The aim of our proposal is to provide a way to use intensional knowledge
as a substitute of the original document during querying and not to improve the
execution time of the queries over the original XML dataset.

CHAPTER 2
LITERATURE SURVEY

Literature survey is the most important step in the software development
process. Before developing the tool it is necessary to determine the time factor,
economy and company strength. Once these things are satisfied, ten next steps
are to determine which operating system and language can be used for
developing the tool.Once the programmers start building the tool, the
programmers need lot of external support. This support can be obtained from
senior programmers, from book or from websites
2.1 Answering xml queries by means of data summaries
E. Baralis, P. Garza, E. Quintarelli, and L. Tanca published in 2007
The idea of using association rules as summarized representations of
XML documents was also introduced in this is based on the extraction of rules
both on the structure (schema patterns) and on content (instance patterns) of
XML datasets. The limitation of this approach are: i) the root of the rule is
established a-priori and ii) the patterns, used to describe general properties of
the schema applying to all instances, are not mined, but derived as an
abstraction of similar instance patterns and are less precise and reliable.

2.2 Relational computation for mining association rules from xml data
H. C. Liu and J. Zeleznikow published in 2005,
It uses Fixpoint operator which works only on Relational format.

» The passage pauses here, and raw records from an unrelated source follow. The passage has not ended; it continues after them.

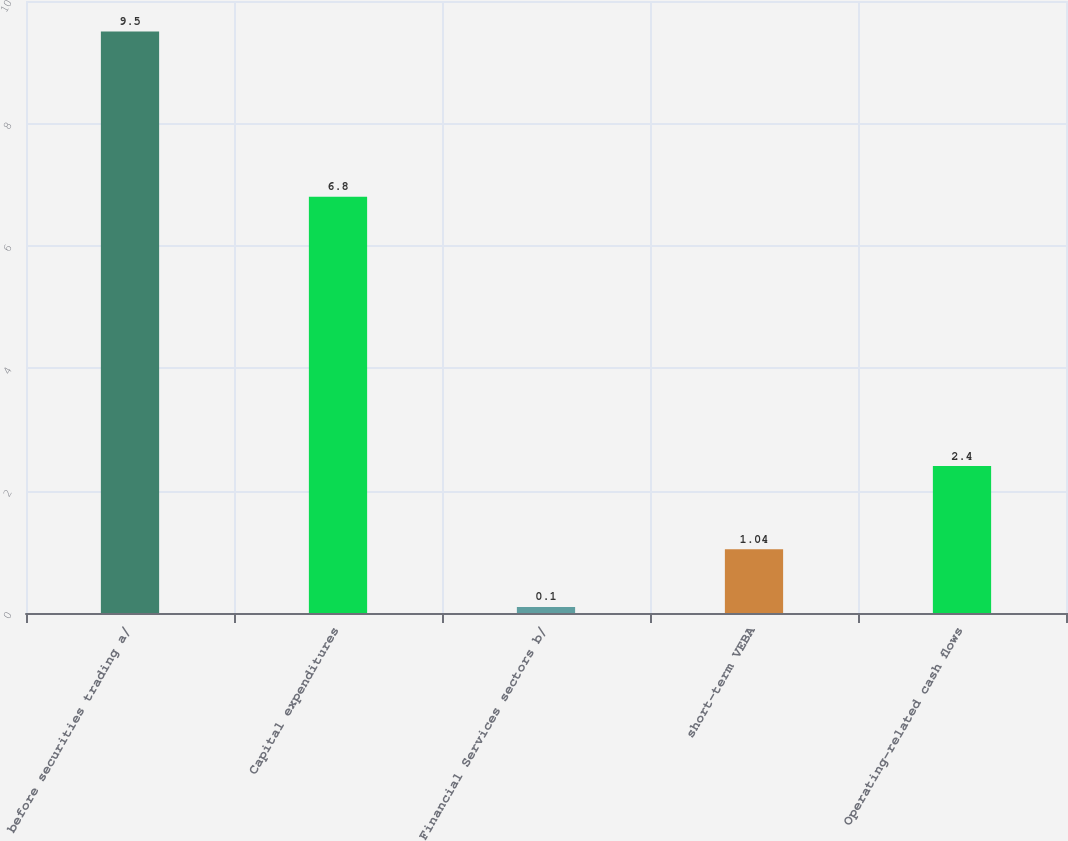<chart> <loc_0><loc_0><loc_500><loc_500><bar_chart><fcel>before securities trading a/<fcel>Capital expenditures<fcel>Financial Services sectors b/<fcel>short-term VEBA<fcel>Operating-related cash flows<nl><fcel>9.5<fcel>6.8<fcel>0.1<fcel>1.04<fcel>2.4<nl></chart> 
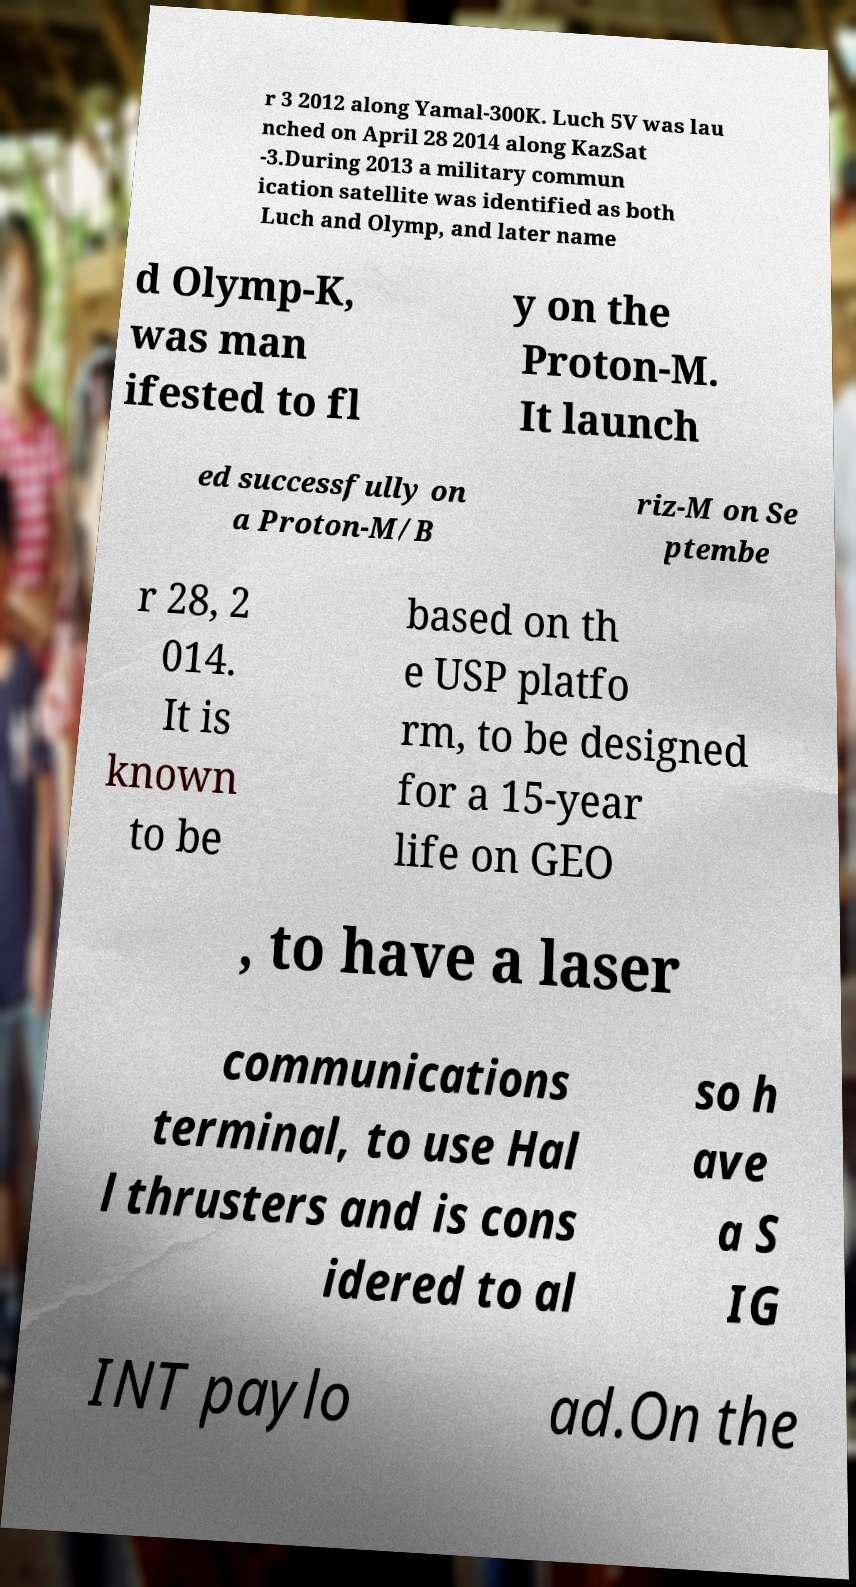Could you extract and type out the text from this image? r 3 2012 along Yamal-300K. Luch 5V was lau nched on April 28 2014 along KazSat -3.During 2013 a military commun ication satellite was identified as both Luch and Olymp, and later name d Olymp-K, was man ifested to fl y on the Proton-M. It launch ed successfully on a Proton-M/B riz-M on Se ptembe r 28, 2 014. It is known to be based on th e USP platfo rm, to be designed for a 15-year life on GEO , to have a laser communications terminal, to use Hal l thrusters and is cons idered to al so h ave a S IG INT paylo ad.On the 
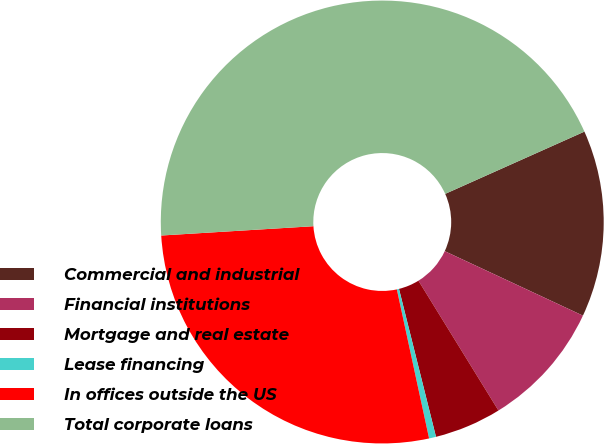Convert chart. <chart><loc_0><loc_0><loc_500><loc_500><pie_chart><fcel>Commercial and industrial<fcel>Financial institutions<fcel>Mortgage and real estate<fcel>Lease financing<fcel>In offices outside the US<fcel>Total corporate loans<nl><fcel>13.64%<fcel>9.26%<fcel>4.89%<fcel>0.51%<fcel>27.42%<fcel>44.28%<nl></chart>

In this
technique, XML document is first preprocessed to to transform into an Object-
Relational database.
2.3 A new method for mining association rules from a collection of xml
documents

J. Paik, H. Y. Youn, and U. M. Kim. in 2005
An approach to extract association rules, i.e. to mine all frequent rules,
without any a-priori knowledge of the XML dataset.The paper introduced
HoPS, an algorithm for extracting association rules from a set of XML
documents. Such rules are called XML association rules and are implications of
the form X Y , where X and Y are fragments of an XML document
. The two trees X and Y have to be disjunct; moreover, both X and Y are
embedded subtrees of the XML documents which means that they do not
always represent the actual structure of the data. Another limitation of the
proposal is that it does not consider the possibility to mine general association
rules within a single XML dataset, achieving this feature is one of our goals.

2.4 Extracting association rules from xml documents using xquery
J. W. W. Wan and G. Dobbie published in 2003
Use XQuery to extract association rules from simple XML documents.
They propose a set of functions, written in XQuery, which implement the
Apriori algorithm. This approach performs well on simple XML documents but
it is very difficult to apply to complex XML documents with an irregular
structure.we have used the PathJoin algorithm to find frequent subtrees in XML
documents. Such algorithm performed exponentially which is a disadvantage.

2.5 Discovering interesting information in xml data with association rules
D. Braga, A. Campi, S. Ceri, M. Klemettinen, and P. Lanzi published in 2003
It overcome the disadvantage of xQuery with data mining and knowledge
discovery capabilities, by introducing XMINE RULE, an operator for mining
association rules for native XML documents. They formalize the syntax and
semantics for the operator and propose some examples of complex association
rules.

CHAPTER 3
SYSTEM ANALYSIS

3.1 EXISTING SYSTEM
Extracting information from semi structured documents is a very
hard task, and is going to become more and more critical as the amount
of digital information available on the internet grows. Indeed, documents
are often so large that the dataset returned as answer to a query may be
too big to convey interpretable knowledge. The existing version of the TARs
extraction algorithm introduced in, which was based on PathJoin and
CMTreeMiner to mine frequent subtrees from XML documents;

3.2 PROPOSED SYSTEM
This work describes an approach based on Tree-based
Association Rules (TARs) mined rules, which provide approximate,
intensional information on both the structure and the contents of
XML documents, and can be stored in XML format as well. TARs can
be queried to obtain fast, although approximate, answers.
This is particularly useful not only when quick answers are needed but
also when the original documents are unavailable. In fact, once extracted, TARs
can be stored in a (smaller) document and be accessed independently of the
dataset they were extracted from. Summarizing, TARs are extracted for two
main purposes: 1) to get a concise idea the gist of both the structure and the
content of an XML document, and 2) to use them for intensional query
answering,

The intensional information embodied in TARs provides a valid support in
several cases:

(i) When a user faces a dataset for the first time, s/he does not know
its features and frequent patterns provide a way to understand quickly what is
contained in the dataset.

(ii) Besides intrinsically unstructured documents, there is a significant portion
of XML documents which have some structure, but only implicitly, that is, their
structure has not been declared via a DTD or an XML-Schema. Since most
work on XML query languages has focused on documents having a known
structure, querying the above-mentioned documents is quite difficult because
users have to guess the structure to specify the query conditions correctly. TARs
represent a dataguide that helps users to be more effective in query formulation.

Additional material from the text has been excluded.